Is this about Kursk?

“You see, I mention this,” said the idiot, “because I feel that yours is that special beauty. Your eyes, though large and deep and firm of purpose and focus, are occluded. They do not give up their meaning easily but suggest careful consideration, seriousness of purpose, lack of foolishness. And your record itself speaks of lack of foolishness. Sergeant Petrova is not a foolish woman.”

Another mile around the walled perimeter and at last the limousine turned left, through medieval gates, and onto the Kremlin grounds and the cobbles of Red Square. Though Moscow had never been truly violated, every one hundred yards or so on the broad parade ground, anti-aircraft guns pointed skyward, planted in nests of sandbags, and a fleet of barrage balloons tethered to their thousand meters of cable floated overhead, casting drifting blots of shadows. The faces of the Motherland’s great heroes hung from the buildings on immense banners, obscuring the architecture and suggesting the men were more important than the buildings.

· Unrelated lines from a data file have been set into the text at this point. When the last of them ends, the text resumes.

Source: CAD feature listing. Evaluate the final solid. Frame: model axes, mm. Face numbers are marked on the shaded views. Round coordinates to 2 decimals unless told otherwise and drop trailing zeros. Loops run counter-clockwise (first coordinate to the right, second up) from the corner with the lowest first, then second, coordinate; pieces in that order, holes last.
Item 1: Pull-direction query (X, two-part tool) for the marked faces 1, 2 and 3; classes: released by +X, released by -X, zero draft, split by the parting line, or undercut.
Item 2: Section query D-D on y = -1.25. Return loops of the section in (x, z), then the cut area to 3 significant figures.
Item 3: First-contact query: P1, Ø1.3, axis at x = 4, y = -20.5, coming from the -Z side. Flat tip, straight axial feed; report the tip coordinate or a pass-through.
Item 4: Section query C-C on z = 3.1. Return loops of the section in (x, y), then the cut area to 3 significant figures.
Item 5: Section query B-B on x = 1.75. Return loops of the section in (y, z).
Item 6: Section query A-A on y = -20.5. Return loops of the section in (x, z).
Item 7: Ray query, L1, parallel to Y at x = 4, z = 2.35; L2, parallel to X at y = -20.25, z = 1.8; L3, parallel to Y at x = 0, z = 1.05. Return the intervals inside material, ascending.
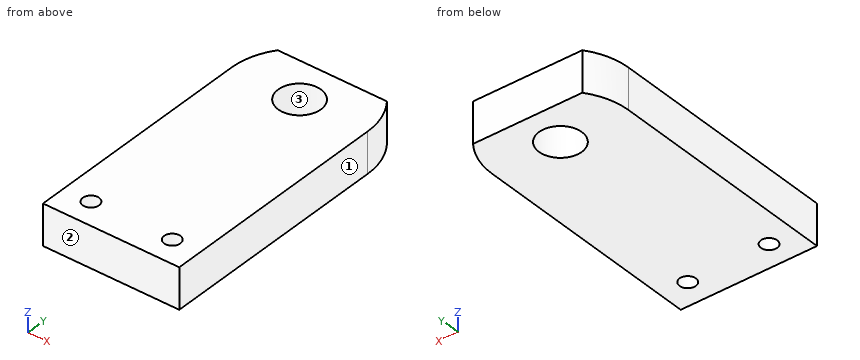
```python
from build123d import *

# Parameters (mm, degrees)
RESSALTO_EXTRUS_O1_DEPTH                = 4
FURO_ROSCADO_DE_M2X0_41_D               = 1.6
FURO_ROSCADO_PARA_CONDU_TE_DE_M4X0_71_D = 4.2


with BuildPart() as part:
    # Esboço1 → Ressalto-extrusão1 (new body)
    with BuildSketch(Plane.XY):
        with BuildLine():
            Line((-6.7, 0), (-6.7, -23))
            Line((-6.7, -23), (6.7, -23))
            Line((6.7, -23), (6.7, 0))
            ThreePointArc((6.7, 0), (6.360114404, 2.10688034), (5.37494186, 4))
            Line((5.37494186, 4), (-5.37494186, 4))
            ThreePointArc((-5.37494186, 4), (-6.360114404, 2.10688034), (-6.7, 0))
        make_face()
    extrude(amount=RESSALTO_EXTRUS_O1_DEPTH)

    # Furo roscado de M2x0.41 (through all)
    with Locations(Plane(origin=(-4, -20.5, 4), x_dir=(1, 0, 0), z_dir=(0, 0, 1))):
        with Locations((0, 0), (8, 0)):
            Hole(FURO_ROSCADO_DE_M2X0_41_D / 2)

    # Furo roscado para conduíte de M4x0.71 (through all)
    with Locations(Plane.XY.offset(4)):
        with Locations((0, 0)):
            Hole(FURO_ROSCADO_PARA_CONDU_TE_DE_M4X0_71_D / 2)


solid = part.part
```
Data:
1. face 1: released by +X
1. face 2: zero draft
1. face 3: undercut
2. outline: (-6.7, 0) - (-1.69, 0) - (-1.69, 4) - (-6.7, 4) - close; (1.69, 0) - (6.7, 0) - (6.7, 4) - (1.69, 4) - close
2. area: 40.1 mm2
3. P1: passes through
4. outline: (-6.7, -23) - (6.7, -23) - (6.7, 0) arc R6.7 ccw to (5.37, 4) - (-5.37, 4) arc R6.7 ccw to (-6.7, 0) - close; hole circle Ø1.6 at (-4, -20.5); hole circle Ø4.2 at (0, 0); hole circle Ø1.6 at (4, -20.5)
4. area: 341 mm2
5. outline: (-23, 0) - (-1.16, 0) - (-1.16, 4) - (-23, 4) - close; (1.16, 0) - (4, 0) - (4, 4) - (1.16, 4) - close
6. outline: (-6.7, 0) - (-4.8, 0) - (-4.8, 4) - (-6.7, 4) - close; (-3.2, 0) - (3.2, 0) - (3.2, 4) - (-3.2, 4) - close; (4.8, 0) - (6.7, 0) - (6.7, 4) - (4.8, 4) - close
7. L1: y = -23 to -21.3, -19.7 to 4
7. L2: x = -6.7 to -4.76, -3.24 to 3.24, 4.76 to 6.7
7. L3: y = -23 to -2.1, 2.1 to 4

Comrade Stalin’s wise and benevolent features dominated, behind a mustache as large as a tank and eyes the size of a heavy bomber. Since he had murdered her father, she was not impressed.

Now and then a Yak-3 pursuit ship howled overhead at three hundred miles an hour, on some training mission, for now the war was far away. The airplane reminded her of the one man whose face had expressed not want but only kindness, her husband, Dimitri, crashed and burned somewhere in Belarus.

She blinked. She could not dwell on Dimitri. Or Papa or Mama or her brothers, Gregori or Pavel. Or Kursk.

The car pulled to an entrance guarded not only by the anti-aircraft crew but by four men in tunics with chestfuls of medals, whose easy carriage of their tommy guns suggested much experience.

“And so, my dear, I wanted to put it to you. If you let me, I can make certain phone calls on your behalf, arrange certain meetings. This war will not last beyond 1946, and with your record — I imagine the other girls who’ve performed as you have all look like peasant horsefaces! — and the right training, it seems as if you might have a future, a nice future, a future of travel, of luxury, a future no Soviet woman would dare dream of, it’s within your reach with my assistance, and you have only to—”

“I am the sniper,” she said. “I want to be alone.”